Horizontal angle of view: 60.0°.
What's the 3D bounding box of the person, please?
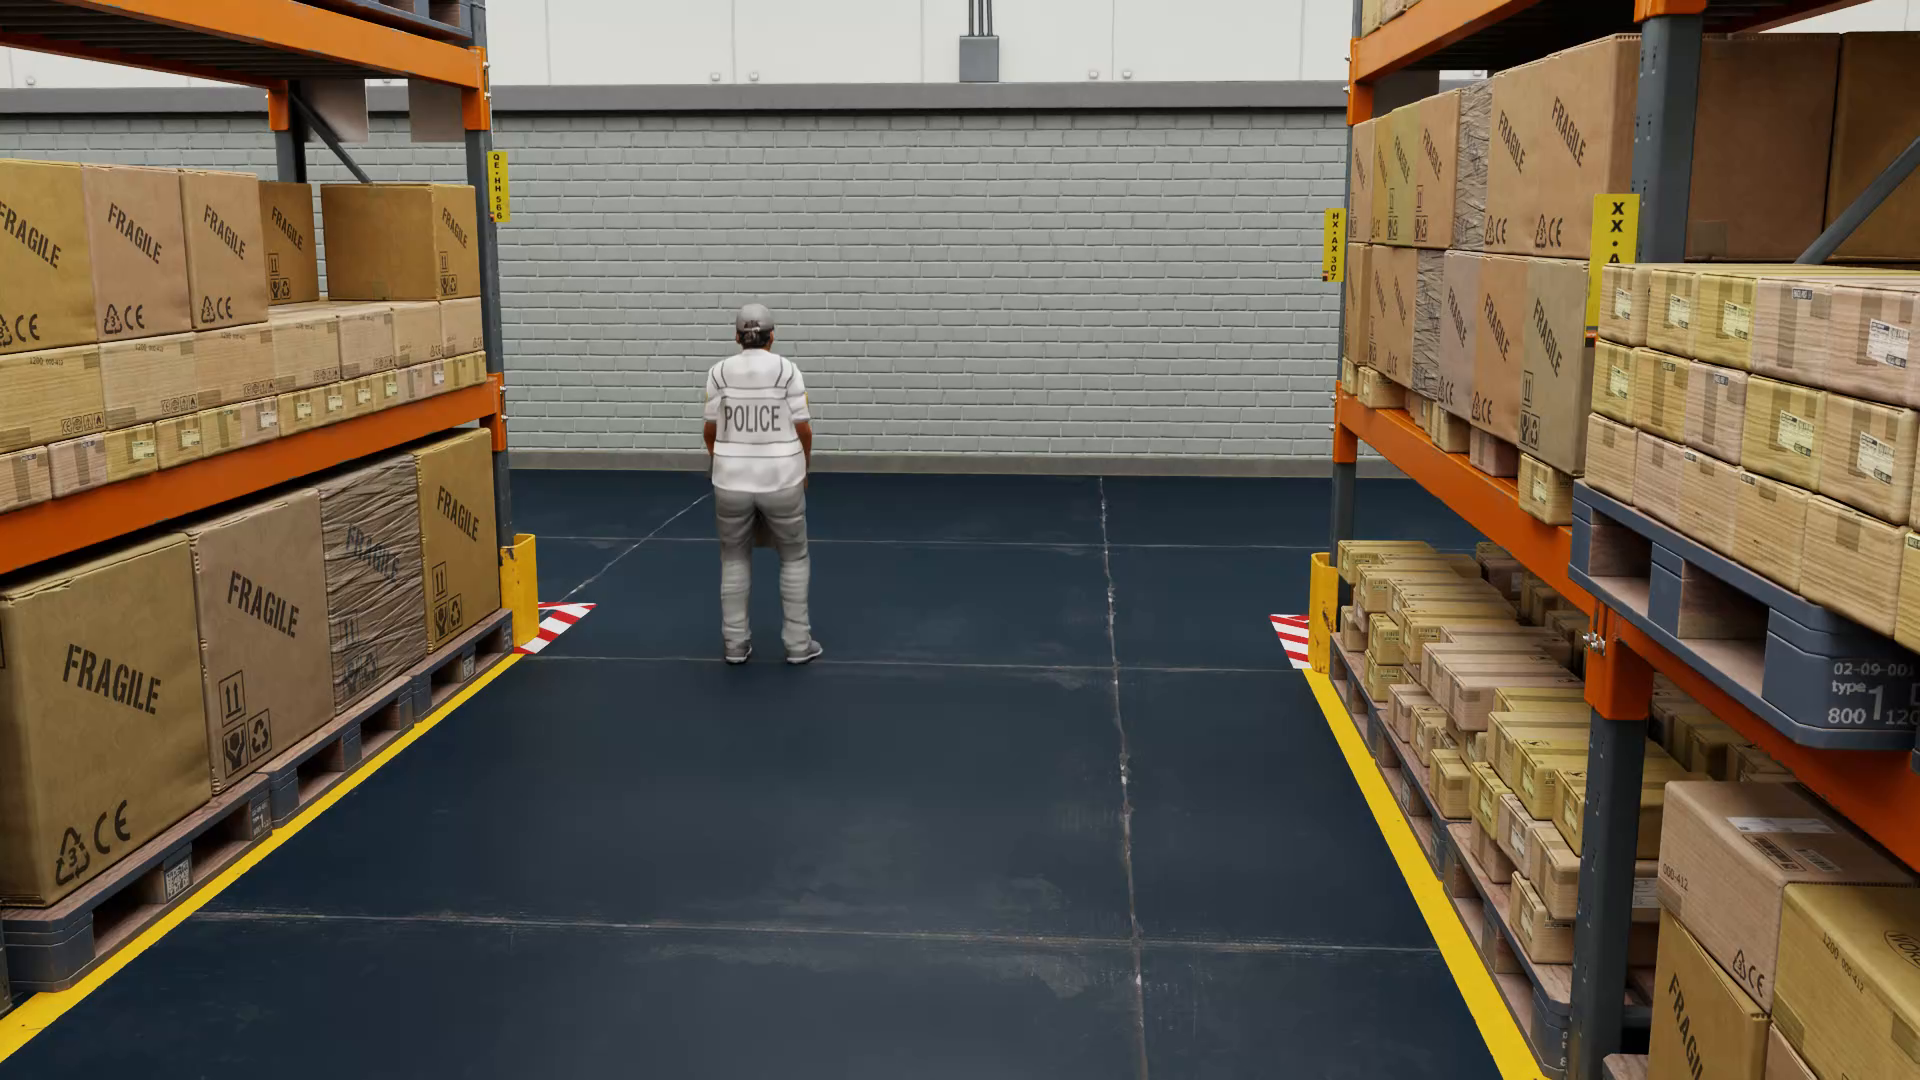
[{"bbox_3d":[-0.922,-0.253,7.720,0.519,1.671,0.424,0,11,3],"label":"person"}]

----------------------------------------

→ WHAT THE TASK REQUIRES: Working from the material above, transcribe it exactly while omitting pictures.

→ RESULT OF THIS EXERCISE:
Horizontal angle of view: 60.0°.
What's the 3D bounding box of the person, please?
[{"bbox_3d":[-0.922,-0.253,7.720,0.519,1.671,0.424,0,11,3],"label":"person"}]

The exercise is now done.